=== Begin Enclosure ===

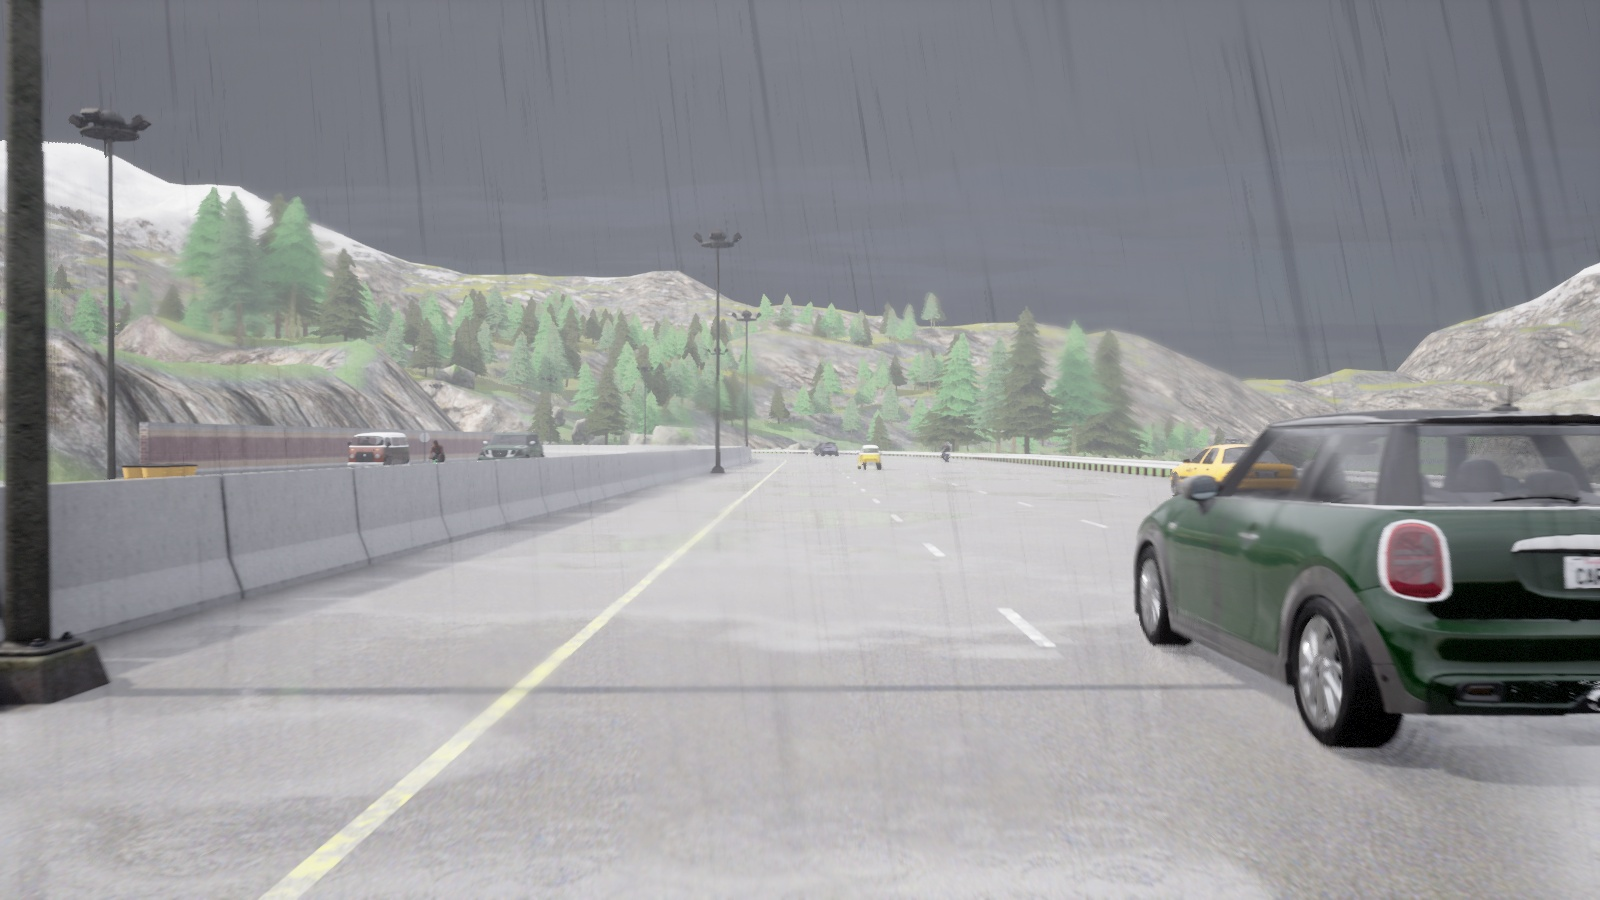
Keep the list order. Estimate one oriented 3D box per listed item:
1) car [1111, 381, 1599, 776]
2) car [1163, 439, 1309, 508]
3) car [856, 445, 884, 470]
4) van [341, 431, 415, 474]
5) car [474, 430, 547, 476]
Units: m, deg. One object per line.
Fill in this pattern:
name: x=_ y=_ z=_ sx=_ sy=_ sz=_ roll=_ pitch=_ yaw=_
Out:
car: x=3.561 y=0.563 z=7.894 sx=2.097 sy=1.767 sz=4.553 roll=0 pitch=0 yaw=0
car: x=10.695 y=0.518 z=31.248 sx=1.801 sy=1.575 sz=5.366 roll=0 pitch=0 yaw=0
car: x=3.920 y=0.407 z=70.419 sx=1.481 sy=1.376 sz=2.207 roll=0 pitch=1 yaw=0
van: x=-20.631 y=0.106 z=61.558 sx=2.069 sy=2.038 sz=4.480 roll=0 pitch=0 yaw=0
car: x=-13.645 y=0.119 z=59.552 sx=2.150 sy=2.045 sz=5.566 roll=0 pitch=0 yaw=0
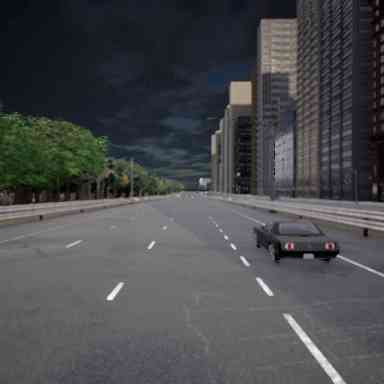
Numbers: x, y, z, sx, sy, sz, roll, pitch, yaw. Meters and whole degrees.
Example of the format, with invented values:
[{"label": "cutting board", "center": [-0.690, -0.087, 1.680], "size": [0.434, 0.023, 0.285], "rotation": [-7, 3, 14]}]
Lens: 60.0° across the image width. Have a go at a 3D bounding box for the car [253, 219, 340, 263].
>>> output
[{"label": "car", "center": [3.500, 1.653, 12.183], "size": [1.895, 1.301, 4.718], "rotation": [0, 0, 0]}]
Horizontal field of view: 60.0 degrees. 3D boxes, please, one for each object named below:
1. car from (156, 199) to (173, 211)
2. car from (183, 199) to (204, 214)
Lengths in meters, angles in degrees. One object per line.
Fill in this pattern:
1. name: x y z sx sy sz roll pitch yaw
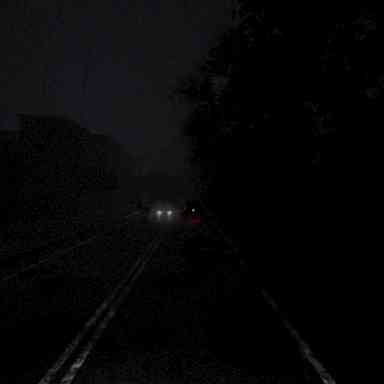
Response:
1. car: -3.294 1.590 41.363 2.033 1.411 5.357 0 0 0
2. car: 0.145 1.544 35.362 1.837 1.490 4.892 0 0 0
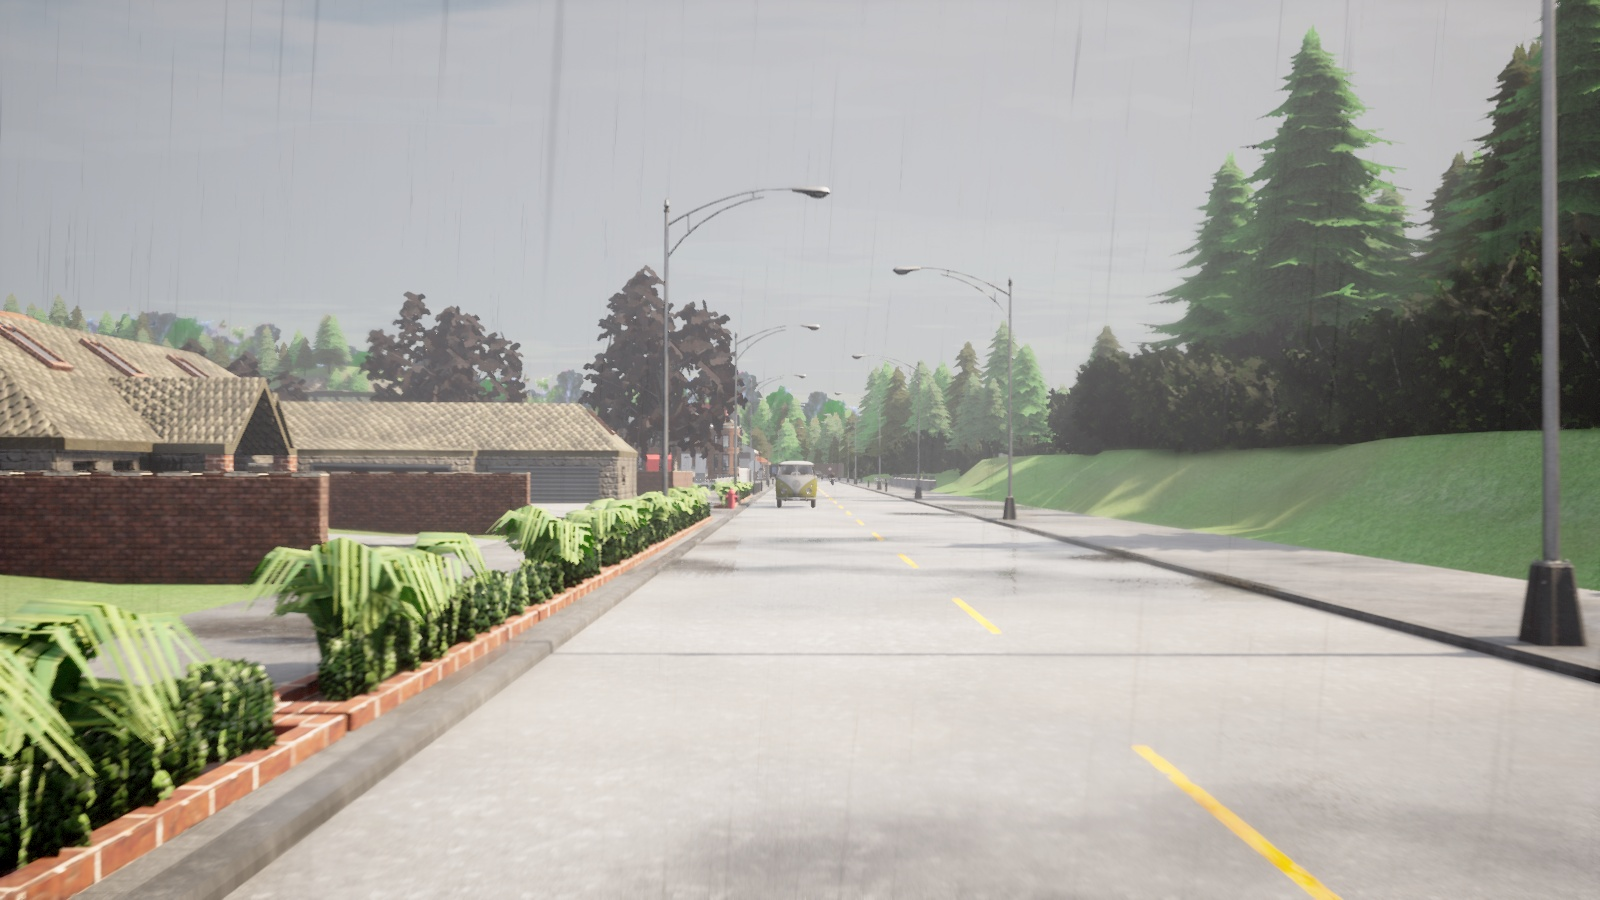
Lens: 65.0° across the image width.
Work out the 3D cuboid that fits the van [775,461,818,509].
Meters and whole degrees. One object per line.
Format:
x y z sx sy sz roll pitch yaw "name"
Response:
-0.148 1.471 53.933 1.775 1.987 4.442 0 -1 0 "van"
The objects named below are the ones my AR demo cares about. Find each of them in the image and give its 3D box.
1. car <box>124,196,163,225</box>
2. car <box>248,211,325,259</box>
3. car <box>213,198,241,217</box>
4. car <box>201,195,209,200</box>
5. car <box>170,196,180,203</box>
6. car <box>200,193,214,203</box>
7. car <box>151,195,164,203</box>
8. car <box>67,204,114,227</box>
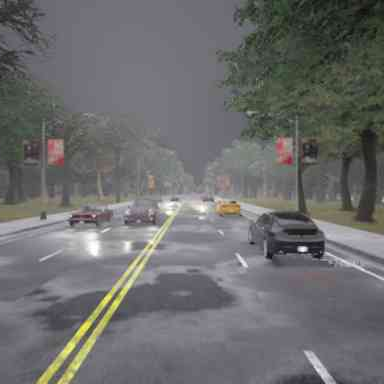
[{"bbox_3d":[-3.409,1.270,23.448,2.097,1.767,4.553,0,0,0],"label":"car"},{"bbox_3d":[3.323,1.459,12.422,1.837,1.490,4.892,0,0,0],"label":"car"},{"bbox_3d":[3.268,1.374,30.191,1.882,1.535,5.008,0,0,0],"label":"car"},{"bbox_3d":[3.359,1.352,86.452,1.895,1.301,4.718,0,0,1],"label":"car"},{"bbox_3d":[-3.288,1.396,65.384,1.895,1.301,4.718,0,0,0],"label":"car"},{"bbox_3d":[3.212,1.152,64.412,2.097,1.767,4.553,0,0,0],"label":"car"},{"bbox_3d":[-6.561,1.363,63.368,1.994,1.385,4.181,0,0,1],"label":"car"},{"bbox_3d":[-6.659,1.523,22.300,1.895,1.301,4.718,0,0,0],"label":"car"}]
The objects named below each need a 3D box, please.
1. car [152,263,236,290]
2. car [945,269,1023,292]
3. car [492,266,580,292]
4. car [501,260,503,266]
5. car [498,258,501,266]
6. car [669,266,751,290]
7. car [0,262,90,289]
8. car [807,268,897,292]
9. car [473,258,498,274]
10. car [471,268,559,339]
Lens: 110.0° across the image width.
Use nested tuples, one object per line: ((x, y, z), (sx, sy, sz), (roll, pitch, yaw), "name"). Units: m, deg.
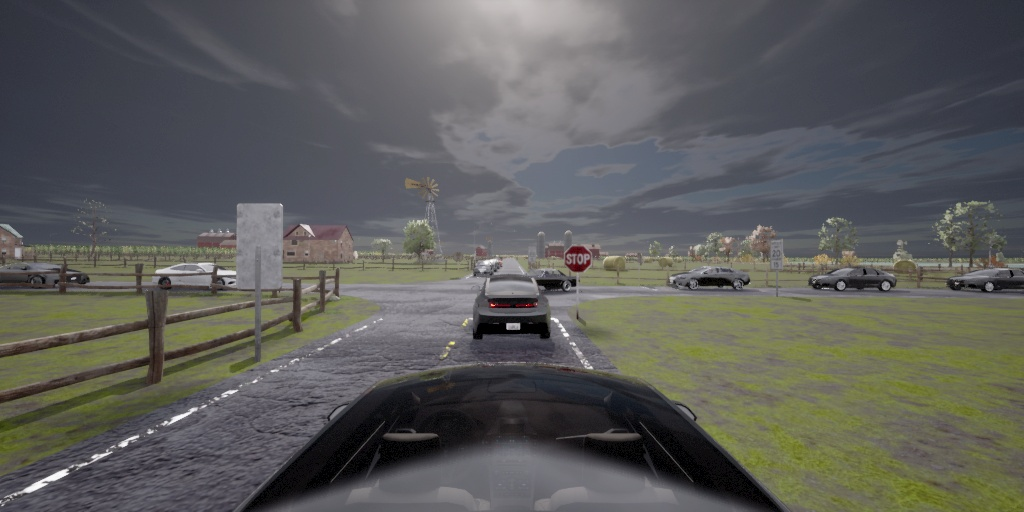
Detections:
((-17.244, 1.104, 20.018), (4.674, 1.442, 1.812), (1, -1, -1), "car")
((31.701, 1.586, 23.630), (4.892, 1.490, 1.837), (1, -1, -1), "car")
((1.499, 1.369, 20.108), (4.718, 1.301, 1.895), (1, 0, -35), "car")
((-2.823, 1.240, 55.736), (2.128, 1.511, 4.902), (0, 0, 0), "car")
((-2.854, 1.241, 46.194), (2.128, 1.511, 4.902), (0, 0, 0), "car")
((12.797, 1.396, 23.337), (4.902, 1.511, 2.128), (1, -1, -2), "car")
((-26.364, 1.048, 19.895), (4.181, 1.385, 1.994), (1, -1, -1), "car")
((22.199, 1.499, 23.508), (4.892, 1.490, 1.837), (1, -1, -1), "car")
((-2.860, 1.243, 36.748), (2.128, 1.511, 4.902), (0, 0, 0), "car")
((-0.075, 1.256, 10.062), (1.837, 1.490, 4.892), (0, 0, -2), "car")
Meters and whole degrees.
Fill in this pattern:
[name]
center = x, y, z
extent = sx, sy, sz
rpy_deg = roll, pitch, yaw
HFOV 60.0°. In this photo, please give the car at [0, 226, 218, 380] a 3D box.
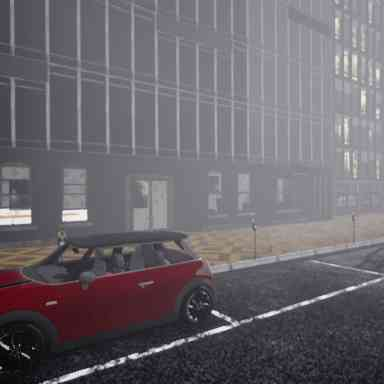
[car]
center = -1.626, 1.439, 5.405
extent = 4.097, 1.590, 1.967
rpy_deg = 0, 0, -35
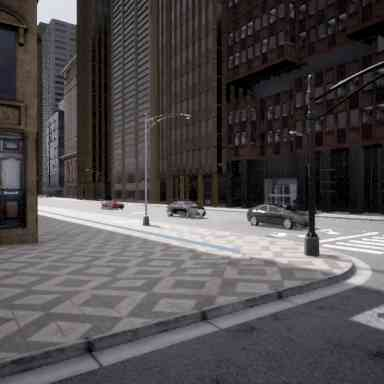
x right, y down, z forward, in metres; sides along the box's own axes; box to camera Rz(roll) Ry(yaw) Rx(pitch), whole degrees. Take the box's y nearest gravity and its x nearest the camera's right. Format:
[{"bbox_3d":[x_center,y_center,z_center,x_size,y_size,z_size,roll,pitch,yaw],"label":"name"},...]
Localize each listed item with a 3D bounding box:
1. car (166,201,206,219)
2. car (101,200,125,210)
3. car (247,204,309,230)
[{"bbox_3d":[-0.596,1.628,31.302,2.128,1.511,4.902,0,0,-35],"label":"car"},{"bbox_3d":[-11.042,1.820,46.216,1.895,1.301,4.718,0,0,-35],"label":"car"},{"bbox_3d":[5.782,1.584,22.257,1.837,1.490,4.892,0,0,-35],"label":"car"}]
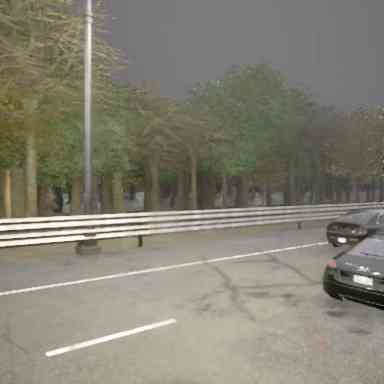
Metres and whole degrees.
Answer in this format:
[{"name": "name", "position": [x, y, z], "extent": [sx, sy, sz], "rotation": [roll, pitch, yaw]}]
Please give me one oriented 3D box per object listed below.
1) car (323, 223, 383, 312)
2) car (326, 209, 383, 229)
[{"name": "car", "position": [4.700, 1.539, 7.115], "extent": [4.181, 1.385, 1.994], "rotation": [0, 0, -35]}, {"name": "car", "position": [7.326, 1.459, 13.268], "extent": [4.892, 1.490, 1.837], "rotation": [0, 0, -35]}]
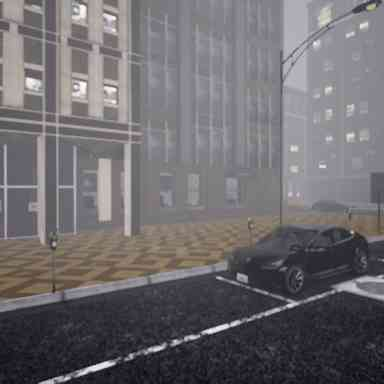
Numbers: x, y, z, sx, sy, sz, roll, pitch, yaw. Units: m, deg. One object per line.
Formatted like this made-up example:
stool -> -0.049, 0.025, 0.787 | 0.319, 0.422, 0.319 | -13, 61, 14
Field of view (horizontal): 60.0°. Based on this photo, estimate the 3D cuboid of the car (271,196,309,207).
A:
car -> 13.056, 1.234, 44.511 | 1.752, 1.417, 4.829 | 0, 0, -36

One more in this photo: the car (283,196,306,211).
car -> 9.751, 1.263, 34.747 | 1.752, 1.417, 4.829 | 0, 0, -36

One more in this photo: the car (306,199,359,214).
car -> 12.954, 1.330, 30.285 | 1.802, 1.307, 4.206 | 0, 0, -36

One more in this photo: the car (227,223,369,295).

=== End Enclosure ===

> [ASSIGNED TASK]: Write out each line of the data above exactly, starting at the top and finishing with the line containing "name: x=_ y=_"; omit the pictures.

> [EXERCISE RESPONSE]:
Keep the list order. Estimate one oriented 3D box per listed item:
1) car [1111, 381, 1599, 776]
2) car [1163, 439, 1309, 508]
3) car [856, 445, 884, 470]
4) van [341, 431, 415, 474]
5) car [474, 430, 547, 476]
Units: m, deg. One object per line.
Fill in this pattern:
name: x=_ y=_ z=_ sx=_ sy=_ sz=_ roll=_ pitch=_ yaw=_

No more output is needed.